There seems to be more measurements on the upward curve than there is on the downward one. Smoothed out? – Or is it time I changed my glasses?

Reading through the other comments I see you have got a winner – Well done to Luis!

What is SENO()?

Scott – according to Google Translate, the SENO function is the . . . umm, that can’t be right . . . never mind!

Sorry. I did not translated.

The English name is the sine() function.

And The American name is

Sin()

I am very sorry for being one month late and off-topic here, but in a previous thread (titled “Oceanic cloud decrease since 1987 explains 1/3 of ocean heating”), Dr Spencer and Christopher Game refer to a paper of Miskolczi 2010 and a Table 3 in it, and the comments in that thread are closed.
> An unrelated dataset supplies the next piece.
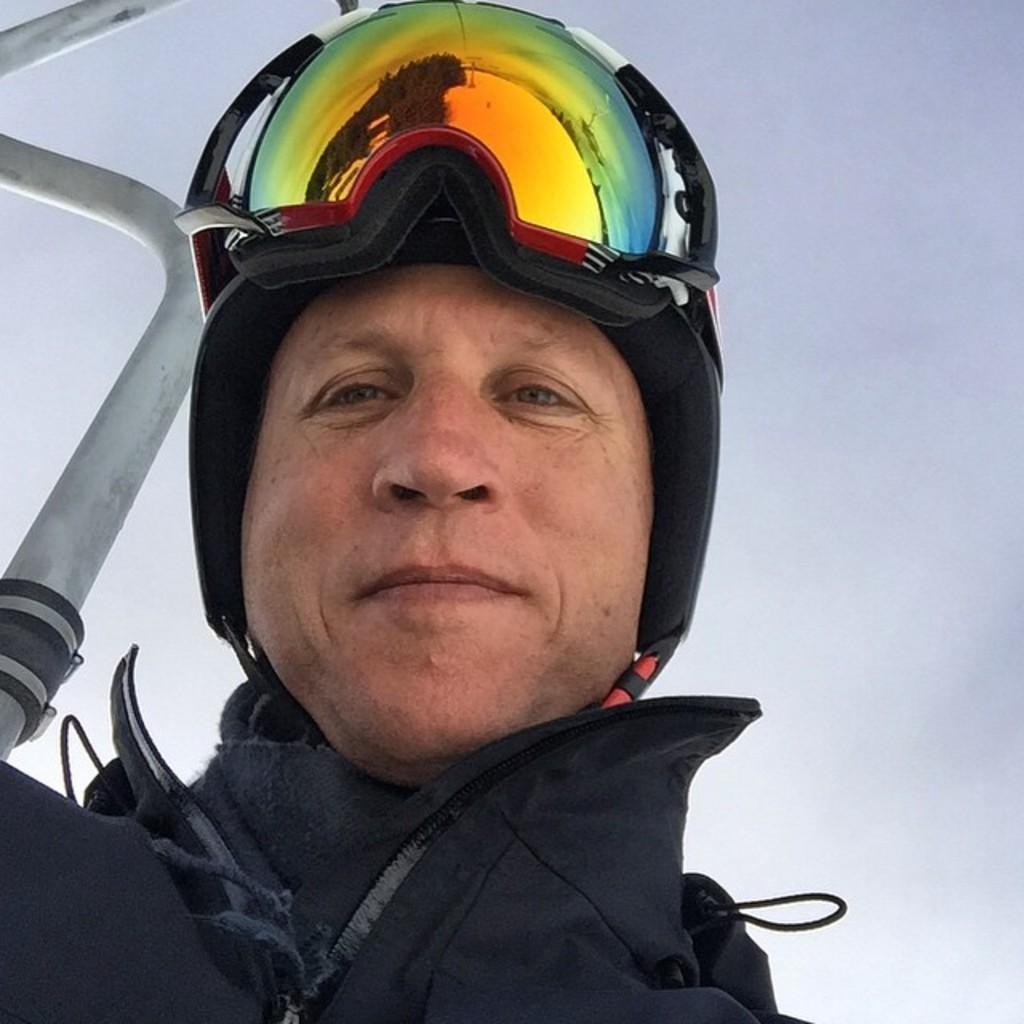Who or what is in the image? There is a person in the image. What can be seen in the background of the image? The background of the image is blue. What is the person wearing? The person is wearing clothes and a helmet. What object can be seen on the left side of the image? There is a metal rod on the left side of the image. What type of apparatus is being used to cover the person in the image? There is no apparatus present in the image that is being used to cover the person. 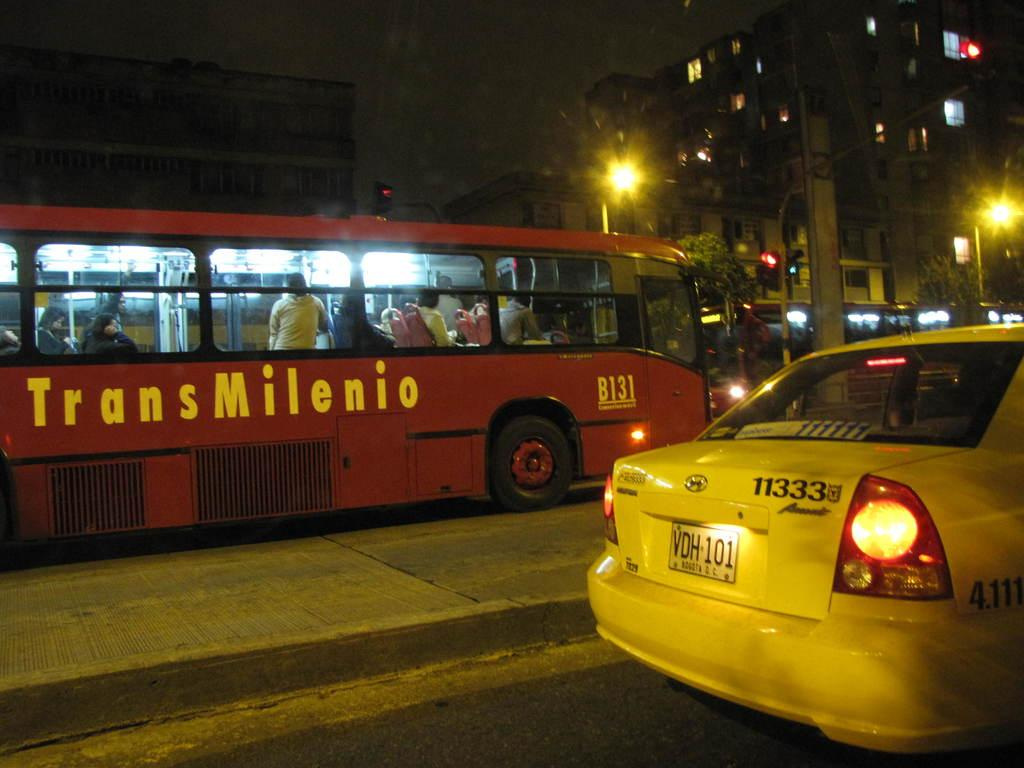<image>
Share a concise interpretation of the image provided. A red bus in the street with the yellow word Transmilenio on the side of it.

That paper is based on computer simulations – namely, on clear-sky radiative transfer calculations on average (clear + cloudy) atmospheric profiles. This means tracking the paths of long-wave photons downwards and upwards, up to 60 km in the stratosphere, as if there were no clouds in the air at all. When there are clouds in the air (about in the half of the cases), they block the way of the long-wave photons completely. So his method is meaningless, its results are useless. The author knows it, as he is who supplies the cloudy input data into the clear-sky program. He uses NOAA average atmospheric profile, but as NOAA weather balloon observations do not indicate cloudiness, the cloudy cases are not sorted out. He tells the reader nothing about his nonsense; on the contrary, he lets you and every non-expert of the field (and probably most of the readers of the not-peer-reviewed journal Energy and Environment are not-RT-experts) to think his method is fair. Which is a very troubling behavior. He should clarify this before going any further on his theory, or his case is closed.